Exercise 1: Exact RBF Kernel — Understanding the Problem (TODOs 1–2)

Objective

Implement the Gaussian kernel and its Gram matrix. Observe how memory requirements grow as O(n²).

You will edit src/lab08.py.

rbf_kernel(x, y, sigma) (TODO 1): Compute the scalar RBF kernel value:

\[K(x, y) = \exp\!\left(-\frac{\|x - y\|^2}{2\sigma^2}\right)\]
rbf_kernel_matrix(X, sigma) (TODO 2): Compute the full n×n Gram matrix where K[i, j] = rbf_kernel(X[i], X[j], sigma).

A Python double loop would call rbf_kernel \(n^2\) times — correct but ~100× slower than numpy. Instead, compute all pairwise distances at once using the algebraic identity:

\[\|x_i - x_j\|^2 = \|x_i\|^2 + \|x_j\|^2 - 2\,x_i^\top x_j\]
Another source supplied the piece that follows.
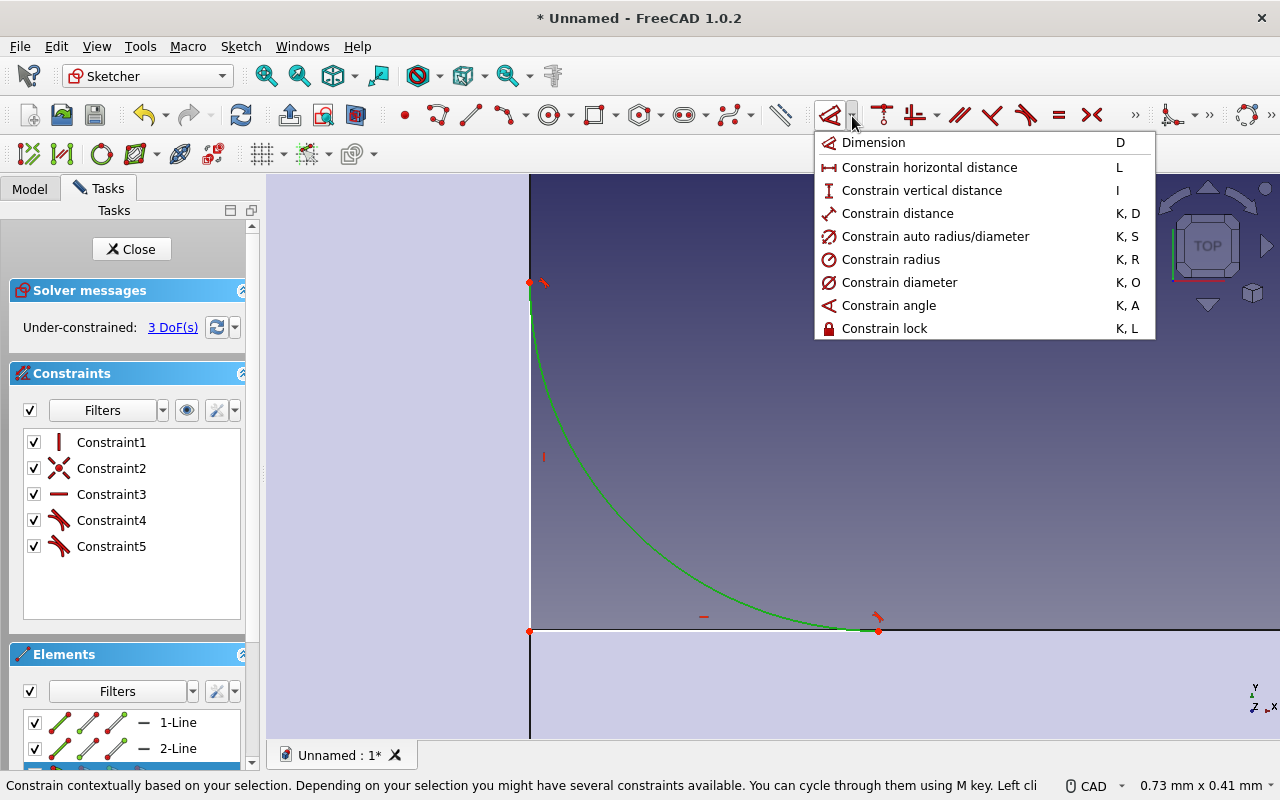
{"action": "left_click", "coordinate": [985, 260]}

This breaks into three numpy operations you can assemble into an (n, n) matrix:
- Squared row norms: a vector of length \(n\) where entry \(i\) is \(\|x_i\|^2\).
- Outer sum of norms: add that vector to itself transposed — broadcasting turns two (n,) vectors into an (n, n) matrix.
- Inner products: X @ X.T gives all \(x_i^\top x_j\) at once, also (n, n).
Clamp the result to zero before the exp (floating point can produce values like -1e-14 on the diagonal). Finally emit a ResourceWarning when n > 5_000.

Validation:

uv run pytest tests/test_lab08.py -k "TestRbfKernel or TestRbfKernelMatrix" -v

Try running the script to see memory grow:

uv run python src/lab08.py

Exercise 2: Random Fourier Features (TODOs 3–5)

Objective

Implement the Rahimi & Recht kernel approximation. Experience how an O(n·D) feature map approximates an O(n²) kernel matrix.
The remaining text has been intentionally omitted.